Cribbed from @jeancochrane:
Like Travis CI, Heroku lets you configure secret environment variables for each app through its console (or its CLI). Those environment variables then get threaded into the application at build time and at runtime. Public environment variables can be configured in the Heroku configuration files that you keep in your repo.
This sort of paradigm works a lot better with containerized applications, where you can define the environment through an .env file or environment attribute in a Docker Compose file and then pass those into the container. I could see a simple secrets management solution where we have an encrypted .env file for local development (or just download it from S3), and then for review/staging/production we configure secret environment variables in the Heroku console.
Heroku provides a yourapp.herokuapp.com URL automatically. This on custom URLs also cribbed from @jeancochrane:
On Heroku, if you want to put your app behind a custom domain, you have to create an ALIAS or CNAME record in your DNS provider that delegates DNS to a Heroku hostname.
This pattern works perfectly fine for subdomains, but for root domains it's a little tricky because our domain registrar of choice (NameCheap) doesn't currently offer ALIAS or ANAME records for root domains. To get custom root domains to work with Heroku, we'd need to use a different domain registrar. (Luckily, this is a pretty common feature these days, and I'm surprised NameCheap doesn't offer it.)

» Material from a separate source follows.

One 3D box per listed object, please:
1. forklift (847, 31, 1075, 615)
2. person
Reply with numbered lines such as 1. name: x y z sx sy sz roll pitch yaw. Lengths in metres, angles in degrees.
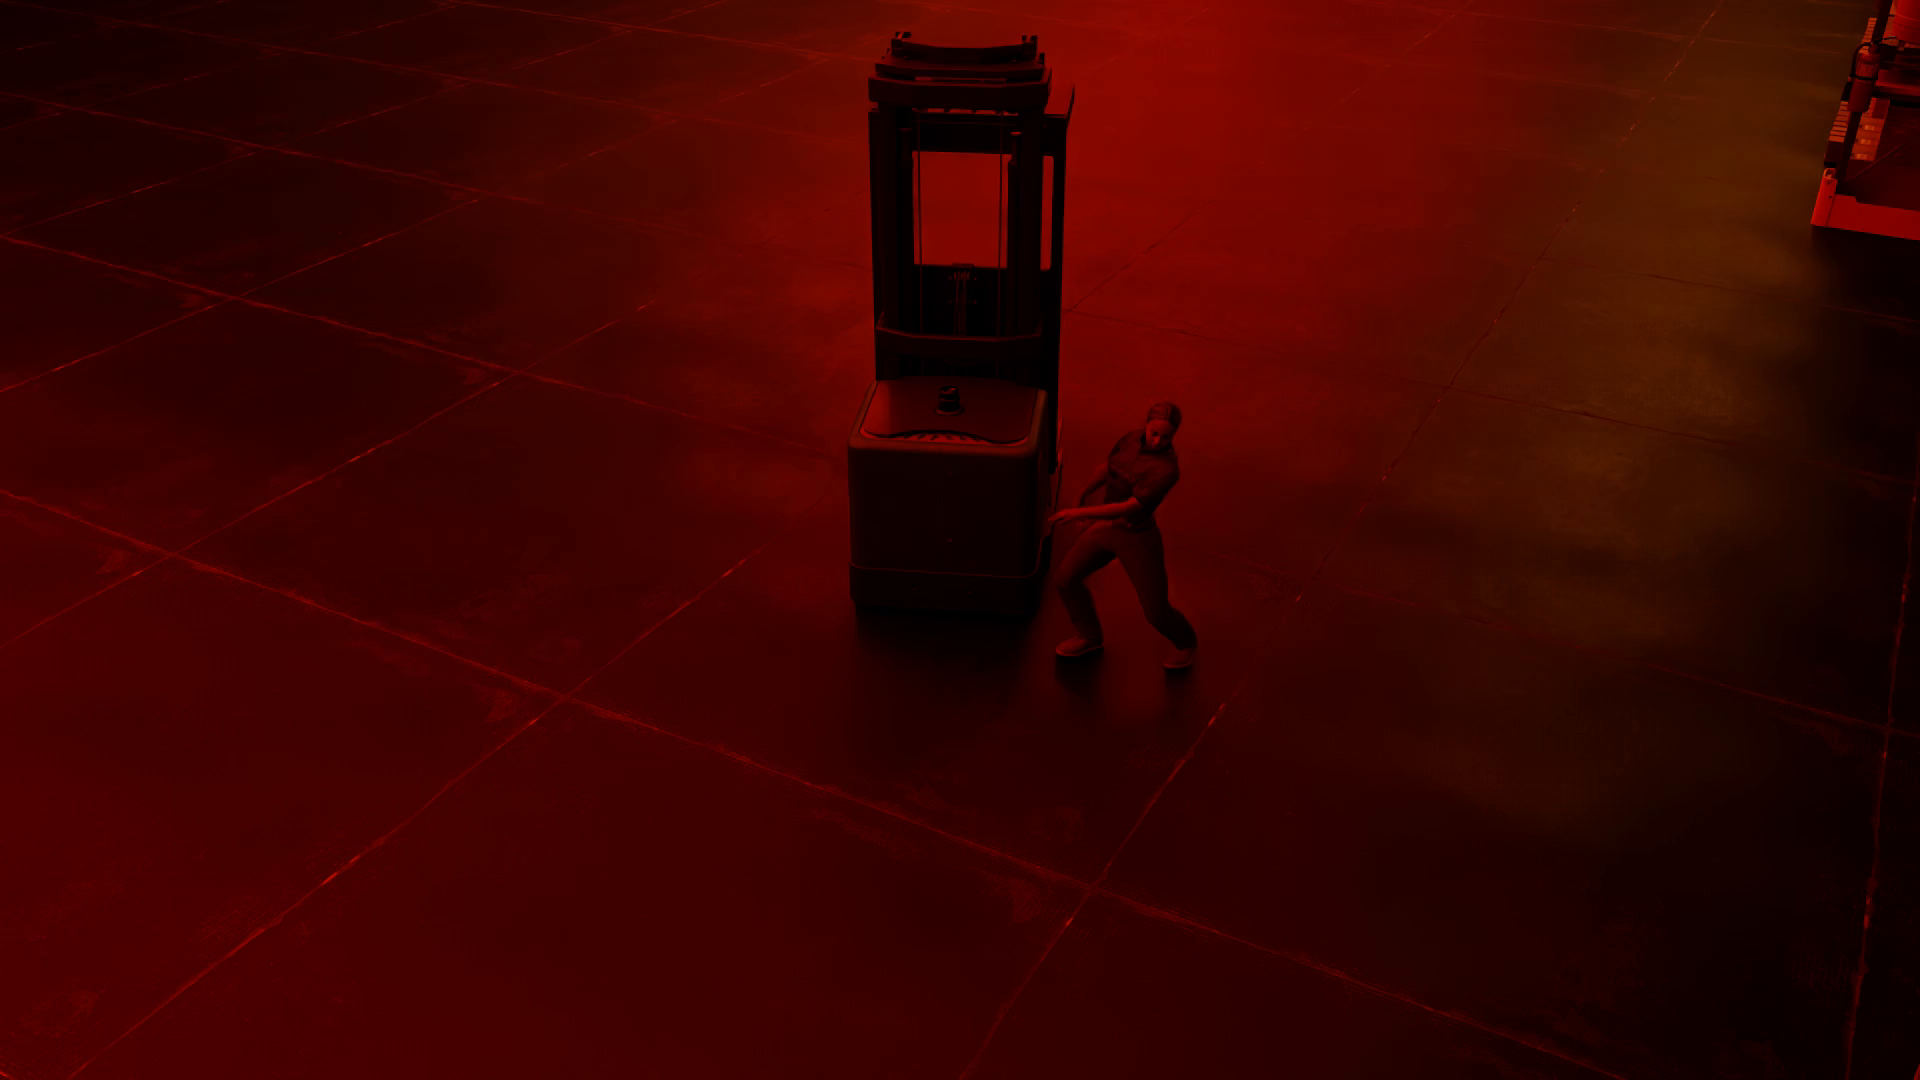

Overall, Heroku is several times easier than ECS, as well as even our current deployment practices with EC2 and CodeDeploy.
It appears to play nicely with Travis, also: https://docs.travis-ci.com/user/deployment/heroku/
With that said, I only had a single dyno to use, so I didn't trial interactions between dynos, e.g., between an app and worker process. There may yet be some kinks to iron out there.
There also seems to be a price on convenience.
For our most complicated app (Dedupe.io), I think we'd need a $25/month 1x dyno for the Dedupe.io frontend and a $50/month 2x dyno for the worker processes, since they do some intense computing.
For most apps, though:
Dynos are comparably priced to EC2 instances: there's a free tier that works nicely for review and staging apps, a super-cheap "hobby" version that's $7/mo but doesn't come with horizontal scaling or long-term metrics, and then a "standard" version that's $25/mo... However, the $7/mo offering seems really appealing to me, and for low-traffic sites I can't figure out a reason why it wouldn't work. In this case, Heroku would probably be cheaper than EC2.
Add-ons are more persistently costly:
There's a "hobby" tier that gives you 10,000 rows for free, and you can bump it up to 1,000,000 rows for $9/mo, but these databases are colocated with other customer's databases and don't come with uptime guarantees or advanced monitoring... The cheapest option that isn't colocated is $50/mo. This is actually pretty comparable with AWS RDS pricing, but it's a lot more expensive than our current practice of colocating our Postgres and app installs on the same EC2 instance.
To really assess whether Heroku is more expensive, it would be very helpful to know our current hosting costs, both for Dedupe.io and particular, and for a run-of-the-mill application.
(Thanks to @jeancochrane for putting in the legwork here!)